1. Dividing data into chunks and each chunk is processed by one thread. For example, you have a list of data that need to be summed up. Suppose that you have four processors, you can divide the data into four groups. Then, you can define a Task that contained a group of data, and override the TaskInterface::Run() to summed up the data. In this case, dividing data is easy and is the ideal way to process the data in parallel.


2. Dividing data recursively: For the algorithms that use Divide-and-Conquer belong to this category. In this case, the TaskSystem (or, the ThreadPool) often get into trouble because of the absent of the Task-Based mutex and the incapable to perform 'Context Switch' between the tasks. This will be discussed in the next section.


Example: Parallel Merge Sort

The pseudocode of parallel merge sort is shown as follows:
ListType ParallelMergeSort(ListType inputList)
{
    ListType leftHalfList, rightHalfList = inputList.splitInHalf();
    spawn ParallelMergeSort(leftHalfList);
    spawn ParallelMergeSort(rightHalfList);

    sync;
    ListType result = Merge(leftHalfList, rightHalfList);
    return result;
}
    The ParallelMergeSort() first split the input list, then spawn two thread to process each half lists, wait for their result, and finally, Merge() the two half lists.
    However, this may yield dead lock if there is no available thread to run the two spawned tasks: The parent task is waiting for the two spawned tasks. The two child tasks, however, has no available thread to process their data. And since there's no 'Context Switch' for  task, there's no way to take the parent task off and run the two child tasks.

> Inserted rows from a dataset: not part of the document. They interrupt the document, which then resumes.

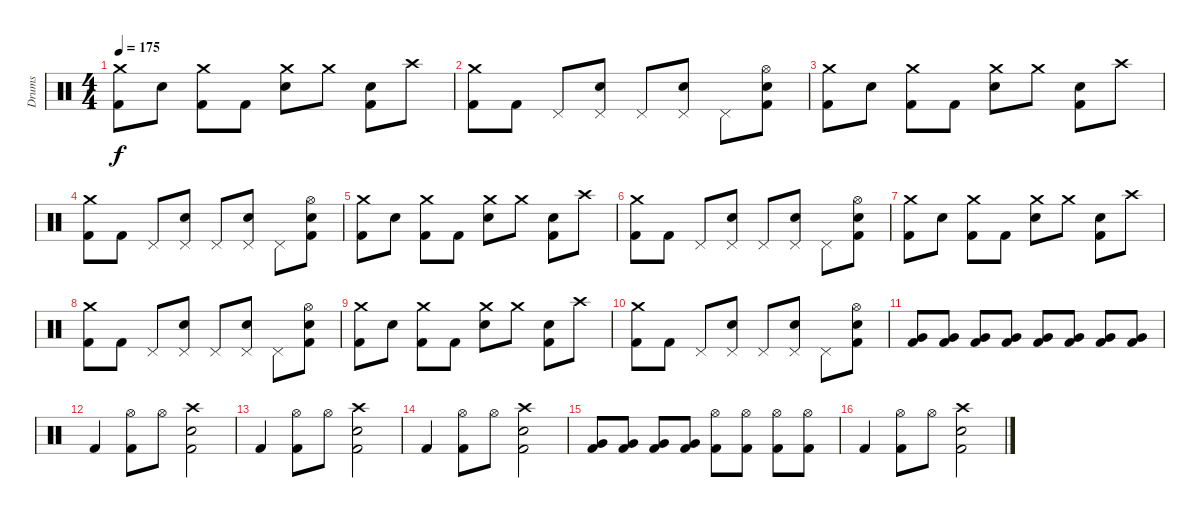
\track ("Drums" "Drums") {instrument percussion}
\staff {score}
\articulation defaults
\ts (4 4)
\tempo 175
\clef neutral
\ks c
("Crash medium (hit)" "Kick (hit) 2").8{dy f} "Snare (hit) 2".8 ("Crash medium (hit)" "Kick (hit) 2").8 "Kick (hit) 2".8 ("Crash medium (hit)" "Snare (hit) 2").8 "Crash medium (hit)".8 ("Snare (hit) 2" "Kick (hit) 2").8 "Crash high (hit)".8 |
("Crash medium (hit)" "Kick (hit) 2").8 "Kick (hit) 2".8 "Pedal Hi-Hat (hit)".8 ("Pedal Hi-Hat (hit)" "Snare (hit) 2").8 "Pedal Hi-Hat (hit)".8 ("Pedal Hi-Hat (hit)" "Snare (hit) 2").8 "Pedal Hi-Hat (hit)".8 ("Hi-Hat (open)" "Snare (hit) 2" "Kick (hit) 2").8 |
("Crash medium (hit)" "Kick (hit) 2").8 "Snare (hit) 2".8 ("Crash medium (hit)" "Kick (hit) 2").8 "Kick (hit) 2".8 ("Crash medium (hit)" "Snare (hit) 2").8 "Crash medium (hit)".8 ("Snare (hit) 2" "Kick (hit) 2").8 "Crash high (hit)".8 |
("Crash medium (hit)" "Kick (hit) 2").8 "Kick (hit) 2".8 "Pedal Hi-Hat (hit)".8 ("Pedal Hi-Hat (hit)" "Snare (hit) 2").8 "Pedal Hi-Hat (hit)".8 ("Pedal Hi-Hat (hit)" "Snare (hit) 2").8 "Pedal Hi-Hat (hit)".8 ("Hi-Hat (open)" "Snare (hit) 2" "Kick (hit) 2").8 |
("Crash medium (hit)" "Kick (hit) 2").8 "Snare (hit) 2".8 ("Crash medium (hit)" "Kick (hit) 2").8 "Kick (hit) 2".8 ("Crash medium (hit)" "Snare (hit) 2").8 "Crash medium (hit)".8 ("Snare (hit) 2" "Kick (hit) 2").8 "Crash high (hit)".8 |
("Crash medium (hit)" "Kick (hit) 2").8 "Kick (hit) 2".8 "Pedal Hi-Hat (hit)".8 ("Pedal Hi-Hat (hit)" "Snare (hit) 2").8 "Pedal Hi-Hat (hit)".8 ("Pedal Hi-Hat (hit)" "Snare (hit) 2").8 "Pedal Hi-Hat (hit)".8 ("Hi-Hat (open)" "Snare (hit) 2" "Kick (hit) 2").8 |
("Crash medium (hit)" "Kick (hit) 2").8 "Snare (hit) 2".8 ("Crash medium (hit)" "Kick (hit) 2").8 "Kick (hit) 2".8 ("Crash medium (hit)" "Snare (hit) 2").8 "Crash medium (hit)".8 ("Snare (hit) 2" "Kick (hit) 2").8 "Crash high (hit)".8 |
("Crash medium (hit)" "Kick (hit) 2").8 "Kick (hit) 2".8 "Pedal Hi-Hat (hit)".8 ("Pedal Hi-Hat (hit)" "Snare (hit) 2").8 "Pedal Hi-Hat (hit)".8 ("Pedal Hi-Hat (hit)" "Snare (hit) 2").8 "Pedal Hi-Hat (hit)".8 ("Hi-Hat (open)" "Snare (hit) 2" "Kick (hit) 2").8 |
("Crash medium (hit)" "Kick (hit) 2").8 "Snare (hit) 2".8 ("Crash medium (hit)" "Kick (hit) 2").8 "Kick (hit) 2".8 ("Crash medium (hit)" "Snare (hit) 2").8 "Crash medium (hit)".8 ("Snare (hit) 2" "Kick (hit) 2").8 "Crash high (hit)".8 |
("Crash medium (hit)" "Kick (hit) 2").8 "Kick (hit) 2".8 "Pedal Hi-Hat (hit)".8 ("Pedal Hi-Hat (hit)" "Snare (hit) 2").8 "Pedal Hi-Hat (hit)".8 ("Pedal Hi-Hat (hit)" "Snare (hit) 2").8 "Pedal Hi-Hat (hit)".8 ("Hi-Hat (open)" "Snare (hit) 2" "Kick (hit) 2").8 |
("Very Low Tom (hit)" "Kick (hit) 2").8 ("Very Low Tom (hit)" "Kick (hit) 2").8 ("Very Low Tom (hit)" "Kick (hit) 2").8 ("Very Low Tom (hit)" "Kick (hit) 2").8 ("Very Low Tom (hit)" "Kick (hit) 2").8 ("Very Low Tom (hit)" "Kick (hit) 2").8 ("Very Low Tom (hit)" "Kick (hit) 2").8 ("Very Low Tom (hit)" "Kick (hit) 2").8 |
"Kick (hit) 2".4 ("Hi-Hat (open)" "Kick (hit) 2").8 "Hi-Hat (open)".8 ("Crash high (hit)" "Snare (hit) 2" "Kick (hit) 2").2 |
"Kick (hit) 2".4 ("Hi-Hat (open)" "Kick (hit) 2").8 "Hi-Hat (open)".8 ("Crash high (hit)" "Snare (hit) 2" "Kick (hit) 2").2 |
"Kick (hit) 2".4 ("Hi-Hat (open)" "Kick (hit) 2").8 "Hi-Hat (open)".8 ("Crash high (hit)" "Snare (hit) 2" "Kick (hit) 2").2 |
("Very Low Tom (hit)" "Kick (hit) 2").8 ("Very Low Tom (hit)" "Kick (hit) 2").8 ("Very Low Tom (hit)" "Kick (hit) 2").8 ("Very Low Tom (hit)" "Kick (hit) 2").8 ("Hi-Hat (open)" "Kick (hit) 2").8 ("Hi-Hat (open)" "Kick (hit) 2").8 ("Hi-Hat (open)" "Kick (hit) 2").8 ("Hi-Hat (open)" "Kick (hit) 2").8 |
"Kick (hit) 2".4 ("Hi-Hat (open)" "Kick (hit) 2").8 "Hi-Hat (open)".8 ("Crash high (hit)" "Snare (hit) 2" "Kick (hit) 2").2

Finally, dead lock happen.
    In the following, I try to make an another approach to the parallel merge sort by using following strategies:
1. Use single thread to do the recursive call.
2. Submit the Merge-part into TaskSystem to run in parallel.
The Code is shown below:
        template<typename ListType>
        future<ListType> ParallelMergeSort(ListType&& inputList_, TaskSystem<ListType>& taskSystem)
        {
                size_t numberOfElements = inputList_.size();

                if (numberOfElements > 2)
                {
                        typename ListType::iterator middlePoint = inputList_.begin();
                        std::advance(middlePoint, numberOfElements/2);

                        ListType leftList;
                        leftList.splice(leftList.begin(),
                                        inputList_, inputList_.begin(), middlePoint);
                        ListType rightList;
                        rightList.splice(rightList.begin(),
                                         inputList_, inputList_.begin(), inputList_.end());

                        future<ListType> leftSortedResult = ParallelMergeSort( std::move(leftList), taskSystem);
                        future<ListType>> rightSortedResult = ParallelMergeSort( std::move(rightList), taskSystem);

                        MergeTask<ListType> mergeTask( std::move(leftSortedResult), std::move(rightSortedResult) );
                        future<ListType> finalResult = mergeTask.GetResult();
                        taskSystem.Submit( std::make_shared< MergeTask<ListType> >(std::move(mergeTask)) );

                        return finalResult;
                }
                else if (numberOfElements == 2)
                {
                        ListType result;
                        result.splice( result.begin(), inputList_, inputList_.begin() );
                        if ( (*result.begin()) <= (*inputList_.begin()) )
                        {
                                result.splice(result.end(), inputList_, inputList_.begin());
                        }
                        else
                        {
                                result.splice(result.begin(), inputList_, inputList_.begin());
                        }

                        std::promise<ListType> resultHolder;
                        resultHolder.set_value( std::move(result) );

                        return resultHolder.get_future();
                }
                else
                {
                        std::promise<ListType> resultHolder;
                        resultHolder.set_value( std::move(inputList_) );

                        return resultHolder.get_future();
                }

        }


   This function takes two arguments: the first arguments required the user to move the std::List object to it (the '&&' is the Move semantics which can reserve the time to copy object), and the second is the reference to TaskSystem (where the merge tasks can be submitted to). The return value is std::future, which contained the sorted result.
    Inside the function, if the number of list elements > 2, it split the list by half and call the ParallelMergeSort() recursively till the list elements <=2. When the number of list elements ==2, it sort the element with ease, then return the result that wrapped by std::future. After finish the right and left recursive call, the function create a MergeTask and submit it to TaskSystem. The MergeTask then merge the two lists in parallel. Note that when I declare the ListType::iterator middlePoint, I add "typename" before the declaration since the "iterator" is depend on the template parameter "ListType" (see Effective C++ 3rd, Item 42).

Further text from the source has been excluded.